Von einem Schulausflug, zu dem über dreihundert Schüler aufbrachen, kehrten nur 75 lebend zurück. Ziel der Schüler und weiterer Passagiere war die Ferieninsel Jeju, die sie mit der Fähre „Sewol“ erreichen sollten. Dazu ist es nie gekommen, denn die Sewol sank kurz vor ihrem Ziel.

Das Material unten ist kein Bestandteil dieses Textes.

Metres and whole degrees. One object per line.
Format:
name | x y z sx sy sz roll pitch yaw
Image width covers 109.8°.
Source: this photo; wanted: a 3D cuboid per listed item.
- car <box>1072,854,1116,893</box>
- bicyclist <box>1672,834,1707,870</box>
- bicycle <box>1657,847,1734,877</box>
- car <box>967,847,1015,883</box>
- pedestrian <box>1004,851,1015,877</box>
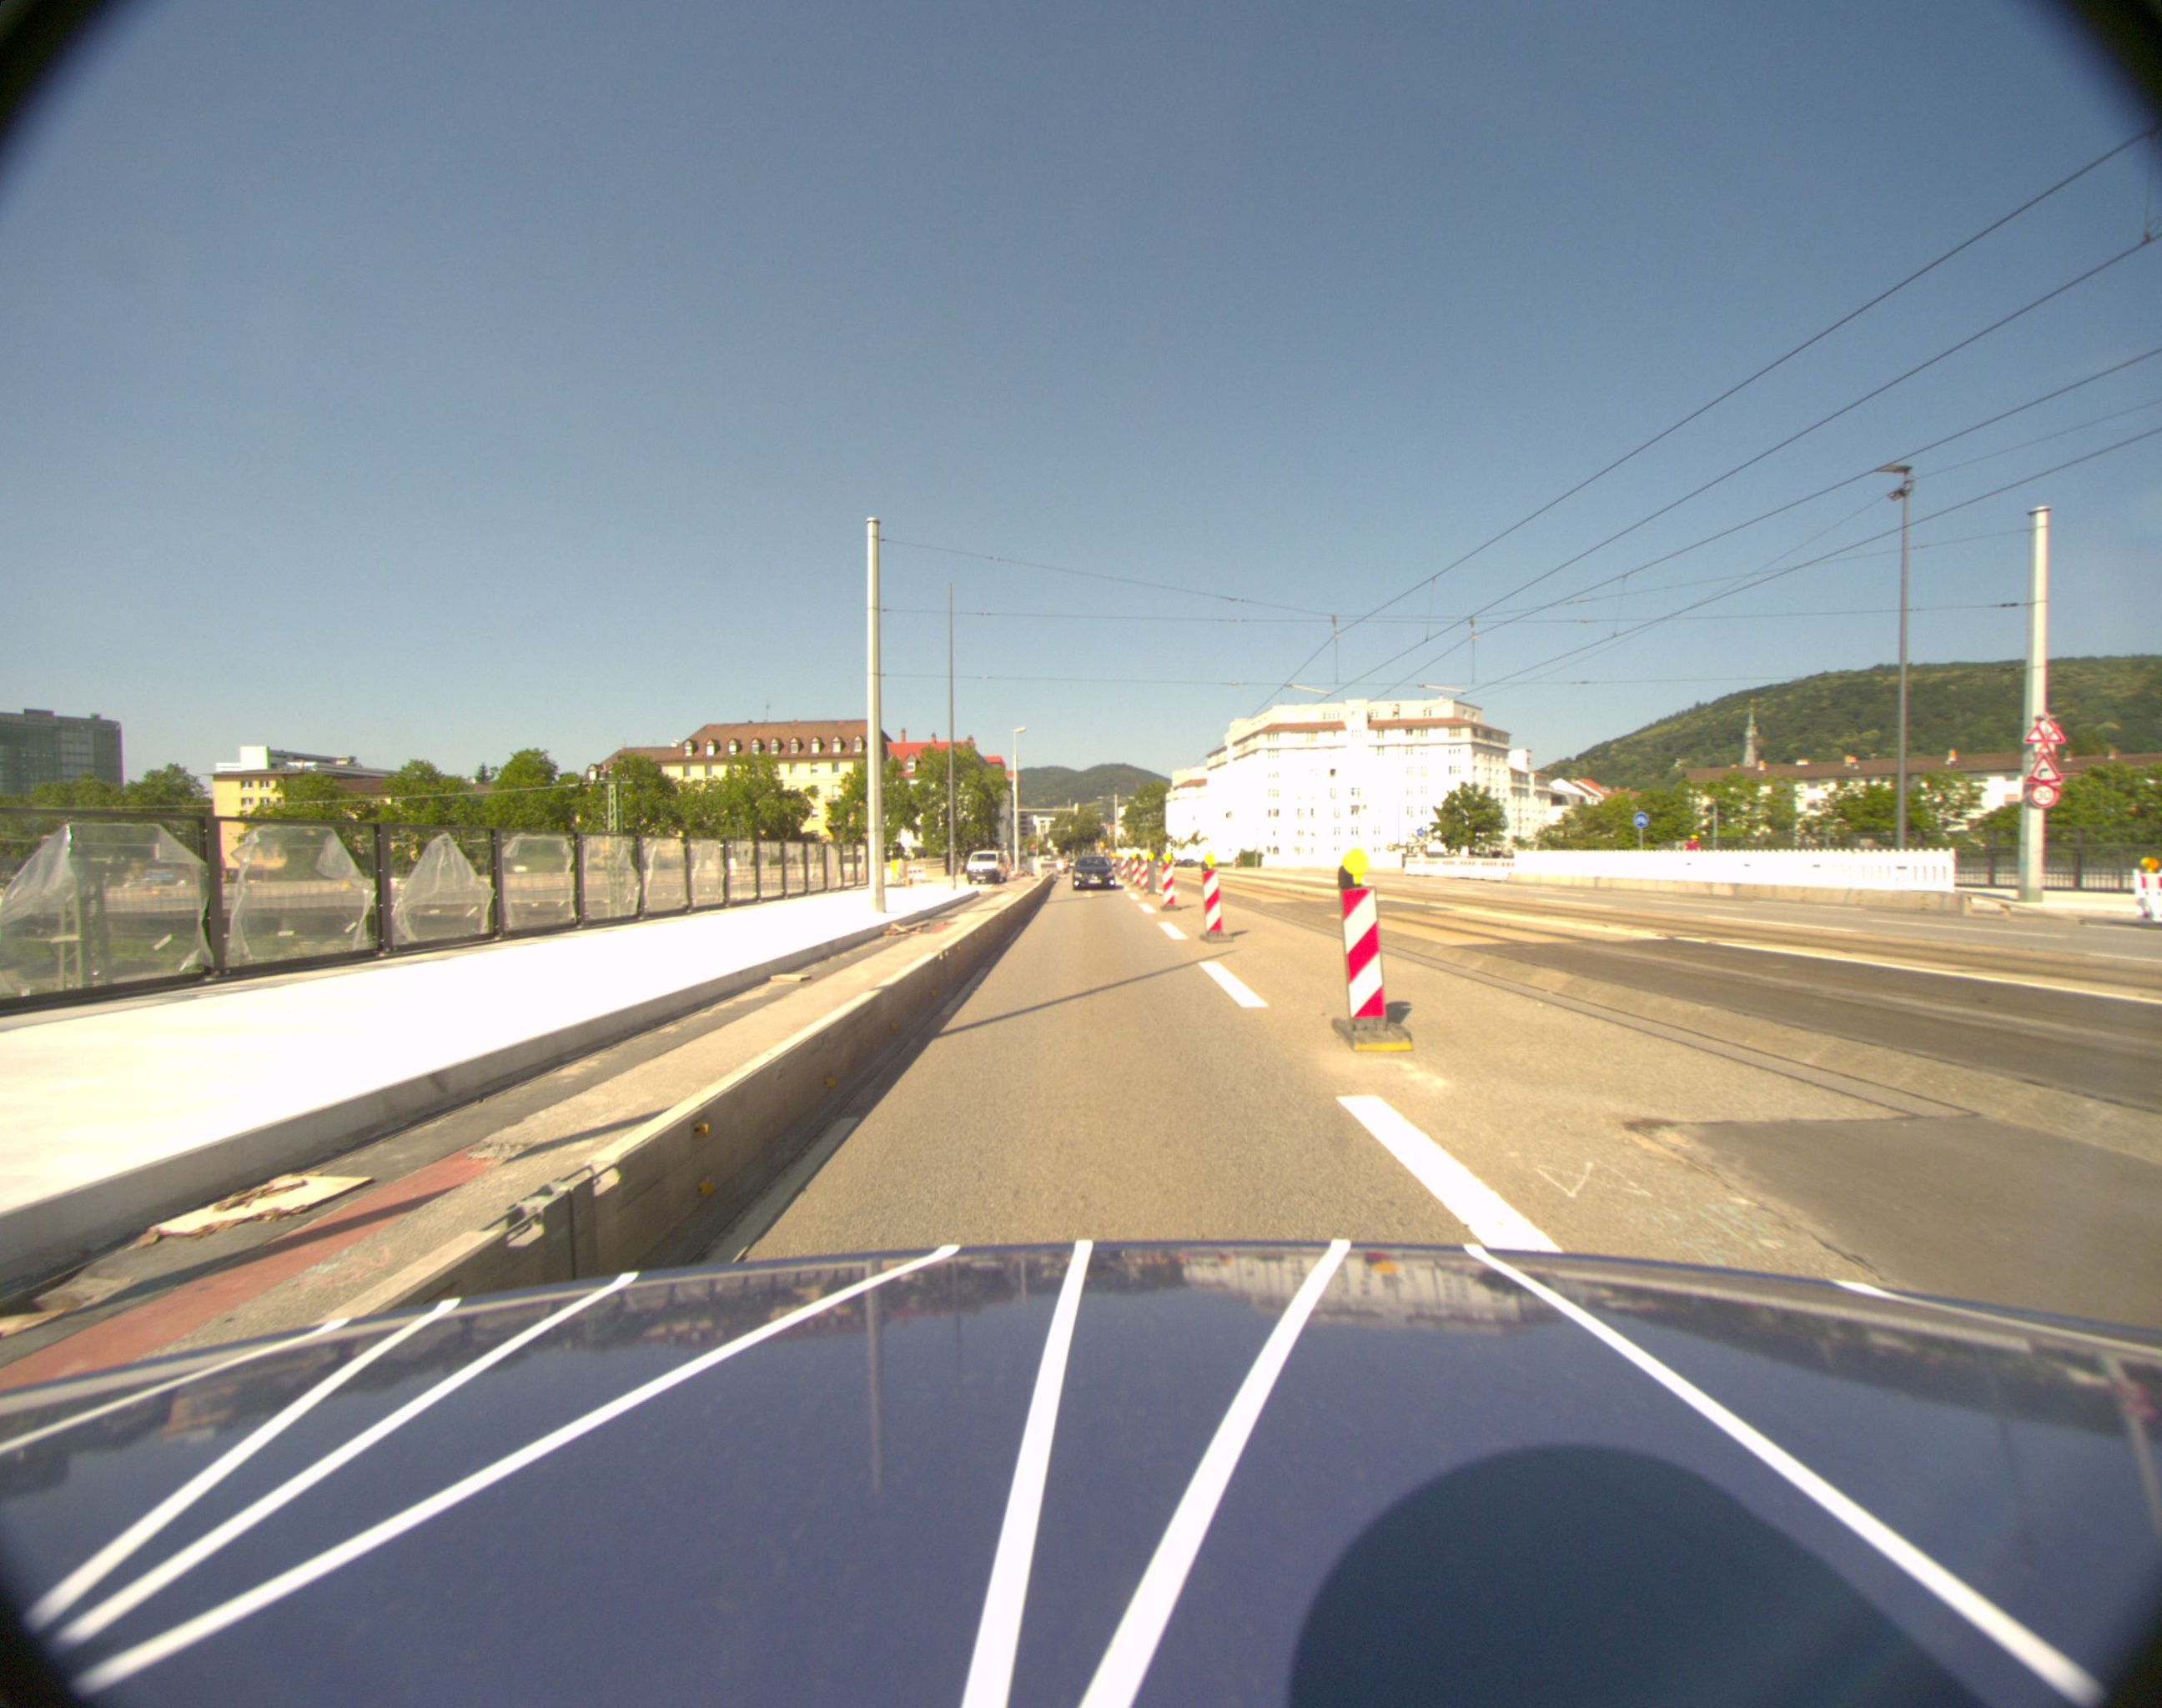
car | 0.528 0.748 32.075 1.698 1.388 4.362 -2 1 1
bicyclist | 26.521 -0.079 33.108 0.858 1.510 0.817 -2 1 0
bicycle | 26.735 0.331 33.141 0.858 1.188 3.071 -2 1 0
car | -5.495 0.660 47.203 1.938 2.078 6.471 -1 0 3
pedestrian | -5.582 0.793 59.536 0.761 1.973 0.843 1 2 0

Was eine großartige Erinnerung werden sollte, endete in einer Katastrophe, die bis heute ganz Südkorea in Trauer versetzt.
Im Dezember 2018 befand ich mich in Südkoreas Hauptstadt Seoul auf dem zentralen Gwanghwamun-Platz. Er sollte nur einer der vielen Sehenswürdigkeiten sein, die ich an diesem Tag besuchte, doch mit einem Mal stand ich vor einer Gedenkstätte für die Opfer der Sewol-Katastrophe. Während ich die Fotos von über 300 Menschen betrachtete – 250 davon Schüler – erzählten mir meine beiden koreanischen Freunde Haneul und Juhye die Geschichte des tragischen Untergangs der Fähre „Sewol“ (세월호).
Das Sinken der Sewol
Mittwoch, 15. April 2014. Um 21 Uhr Ortszeit legt die Fähre von Incheon (Seoul) ab und beginnt die vierzehnstündige Überfahrt. Das Ziel, die Ferieninsel Jeju, wird sie jedoch nicht erreichen, denn auf dem Weg dorthin ereignet sich Koreas größtes Schiffsunglück. An Bord befinden sich 476 Menschen, inklusive 33 Besatzungsmitglieder. Die größte Gruppe der Passagiere stammt von der Danwon Highschool mit 325 Schülern aus allen Jahrgängen (erste bis zehnte Klasse) und 15 Lehrern. Sie alle unternehmen einen Schulausflug zur Jeju-Insel.
Donnerstag, 16. April 2014. Nahe der Insel Jindo im Gelben Meer nimmt die Katastrophe ihren Lauf. Zwischen 8:44 und 8:49 Uhr fährt das Schiff eine scharfe Schleife nach rechts. Daraufhin gerät es in eine Schräglage und beginnt zu sinken.
8:55 Uhr. Ein erstes Notsignal wird von der Crew abgesetzt. Die Küstenwache in Jeju gibt Anweisung, die Passagiere auf eine Evakuierung vorzubereiten. Gehandelt wird jedoch anders: Etwa 45 Minuten lang werden die Passagiere wiederholt aufgefordert, in ihren Kabinen zu bleiben, da es dort sicherer sei.
9:25 Uhr. Mit dreizehn Offizieren trifft eine halbe Stunde nach dem Notsignal die Küstenwache ein. Aufgrund des kalten Wassers und der Strömung werden zunächst die sich im Wasser Befindenden gerettet. In die ersten Rettungsboote retten sich auch der Kapitän des Schiffes und einige Crew-Mitglieder – noch während die Passagiere über Lautsprecher weiterhin angewiesen werden, ihre Kabinen nicht zu verlassen! Würden sie sich bewegen, könne die Situation noch gefährlicher werden, heißt es in den Durchsagen.
9:37 Uhr. Viel zu spät wird die Evakuierung eingeleitet. Mittlerweile ein unmögliches Unterfangen, da das Schiff bereits zu 60 Grad geneigt ist.
9:40 Uhr. Zehn weitere Offiziere erreichen den Unglücksort mit drei Helikoptern. Gerettet werden nun Passagiere, die sich an Deck der Sewol befinden. Da die anwesenden Küstenwache-Offiziere kein ausreichendes Training auf einem sinkenden Schiff mit solch einer starken Neigung haben, wird auf trainierte Rettungstaucher gewartet. Diese kommen jedoch erst zwei Stunden später an.
11:18 Uhr. Die Fähre Sewol ist gesunken, lediglich der Bug steht noch über Wasser. 304 Menschen befinden sich noch im Bauch des Schiffes.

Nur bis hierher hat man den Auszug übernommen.